Hearse driver among mourners fined for red light infringement at Archie Roach funeral

Mourners travelling as part of the motorcade for the funeral of singer-songwriter Archie Roach are planning to contest fines of $462 each for running a red light during the procession.

Those involved in the funeral cortege say some motorbikes escorting the hearse had stopped traffic at the intersection of Fitzroy Street and Princess Street in St Kilda, allowing the procession to continue as a group, when they were captured on a fixed red-light camera.

The Southern Warriors Aboriginal Motorcycle Club escorting Archie Roach’s body though St Kilda.Credit:Scott McNaughton

Those who have received fines include the driver of the 1972 Chrysler Valiant hearse carrying Roach’s body back to Country and members of the Southern Warriors Aboriginal Motorcycle Club who were escorting the vehicle on its journey.

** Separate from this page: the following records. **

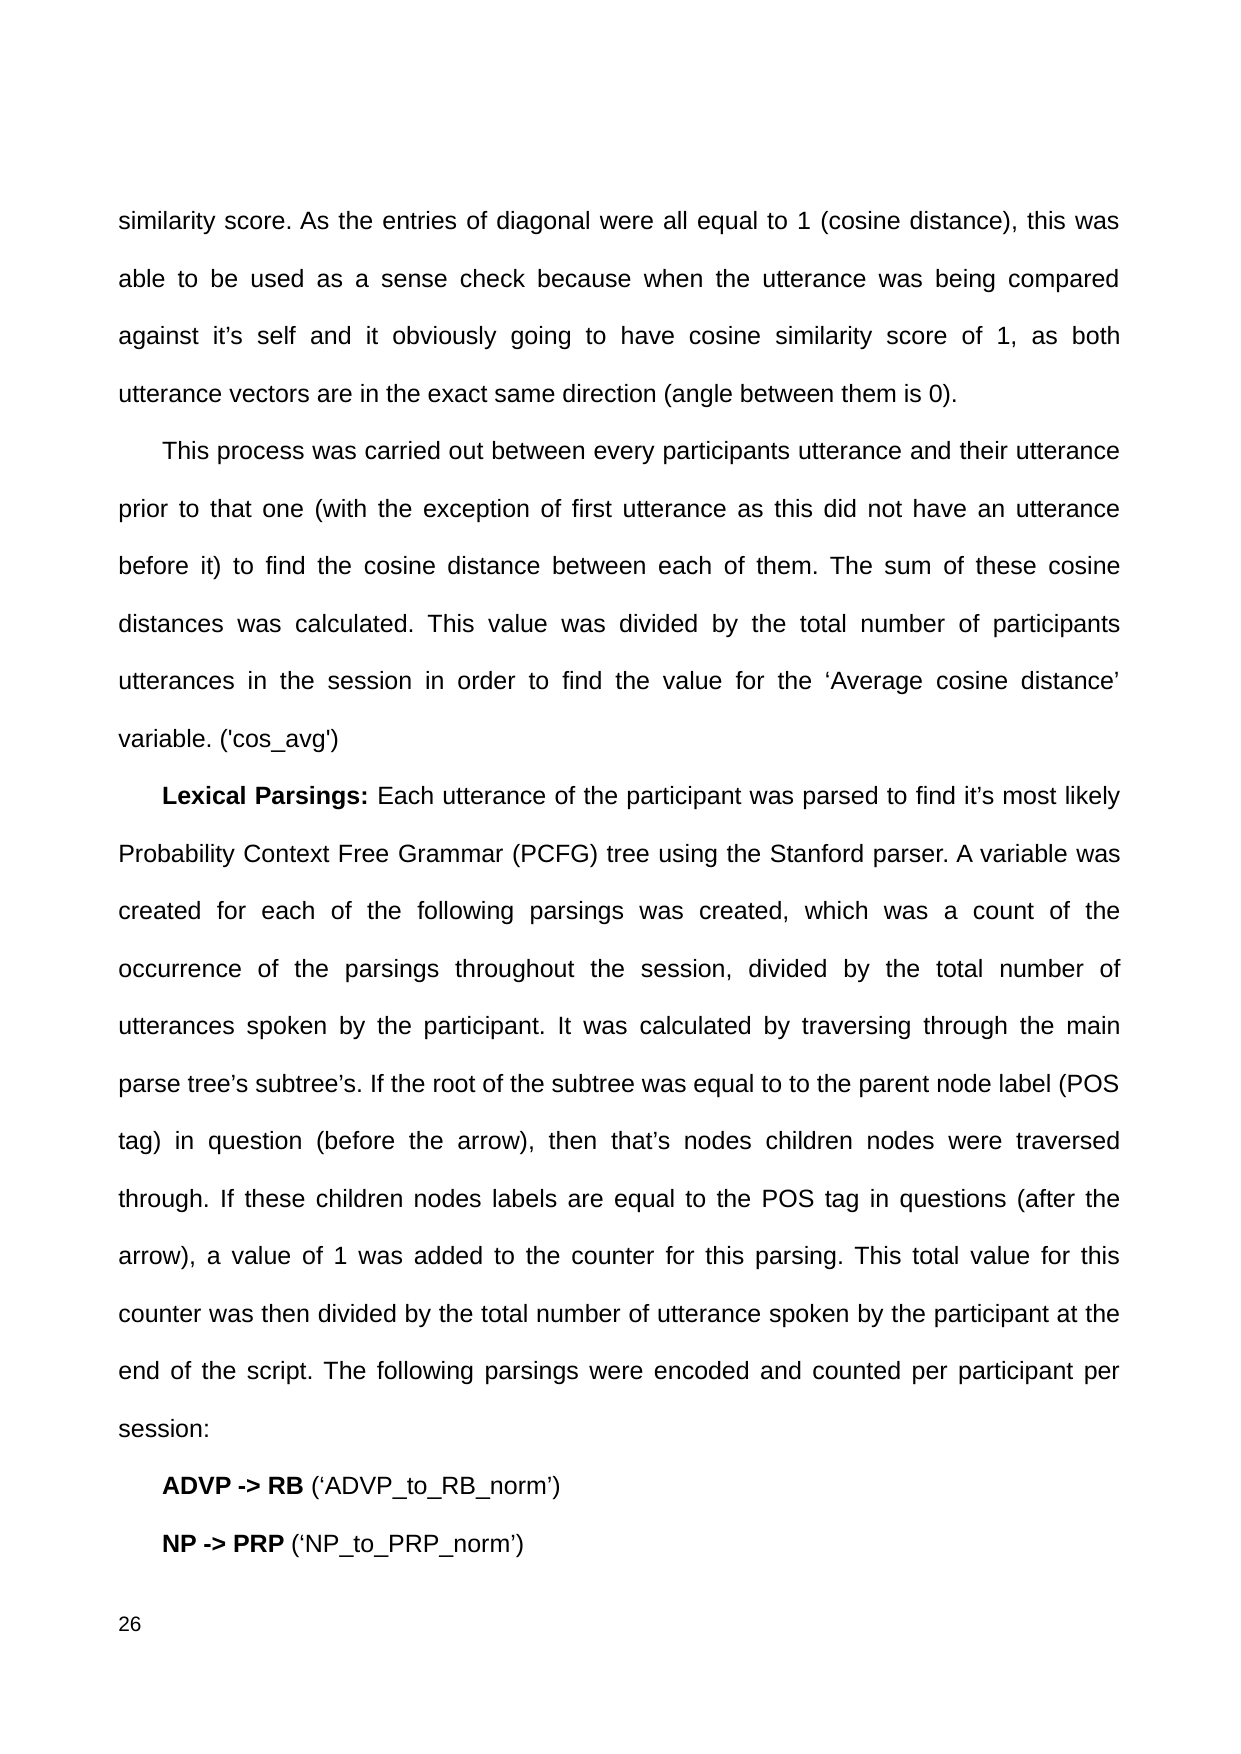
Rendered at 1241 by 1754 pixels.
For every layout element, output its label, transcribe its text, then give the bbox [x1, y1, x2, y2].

text similarity score. As the entries of diagonal were all equal to 1 (cosine distance), this was able to be used as a sense check because when the utterance was being compared against it’s self and it obviously going to have cosine similarity score of 1, as both utterance vectors are in the exact same direction (angle between them is 0). [118, 206, 1122, 407]
text NP -> PRP (‘NP_to_PRP_norm’) [118, 1529, 1122, 1557]
text ADVP -> RB (‘ADVP_to_RB_norm’) [118, 1471, 1122, 1500]
text Lexical Parsings: Each utterance of the participant was parsed to find it’s most likely Probability Context Free Grammar (PCFG) tree using the Stanford parser. A variable was created for each of the following parsings was created, which was a count of the occurrence of the parsings throughout the session, divided by the total number of utterances spoken by the participant. It was calculated by traversing through the main parse tree’s subtree’s. If the root of the subtree was equal to to the parent node label (POS tag) in question (before the arrow), then that’s nodes children nodes were traversed through. If these children nodes labels are equal to the POS tag in questions (after the arrow), a value of 1 was added to the counter for this parsing. This total value for this counter was then divided by the total number of utterance spoken by the participant at the end of the script. The following parsings were encoded and counted per participant per session: [118, 781, 1122, 1442]
text This process was carried out between every participants utterance and their utterance prior to that one (with the exception of first utterance as this did not have an utterance before it) to find the cosine distance between each of them. The sum of these cosine distances was calculated. This value was divided by the total number of participants utterances in the session in order to find the value for the ‘Average cosine distance’ variable. ('cos_avg') [118, 436, 1122, 752]

Fines were issued to seven of the 30 in the group that travelled through the St Kilda intersection at about 10.30am on August 22, when the funeral procession was en route to its next destination at Cleve Gardens, 800 metres away, which was a key meeting place for Roach.

When contacted about the matter, a Victoria Police spokesperson said disobeying red light signals posed significant safety risks to both drivers and other road users and was therefore considered a serious traffic offence.

The spokesperson said police would only ever consider overlooking such an offence in emergency situations. Even then, they said, there would be a rigorous review process.

“Seven infringements were issued for disobeying a traffic control signal in relation to this matter. Victoria Police reviewed three of these infringements at the drivers’ request, however these were denied due to the seriousness of the offence,” they said.

“Victoria Police had offered the funeral organisers police assistance for the cortege’s movement through the Melbourne area but this was declined.”

Letters from police, sent to the three people who have officially objected to the fines, stated their reasoning for rejecting their withdrawal application was because the infringement was a “serious safety matter”.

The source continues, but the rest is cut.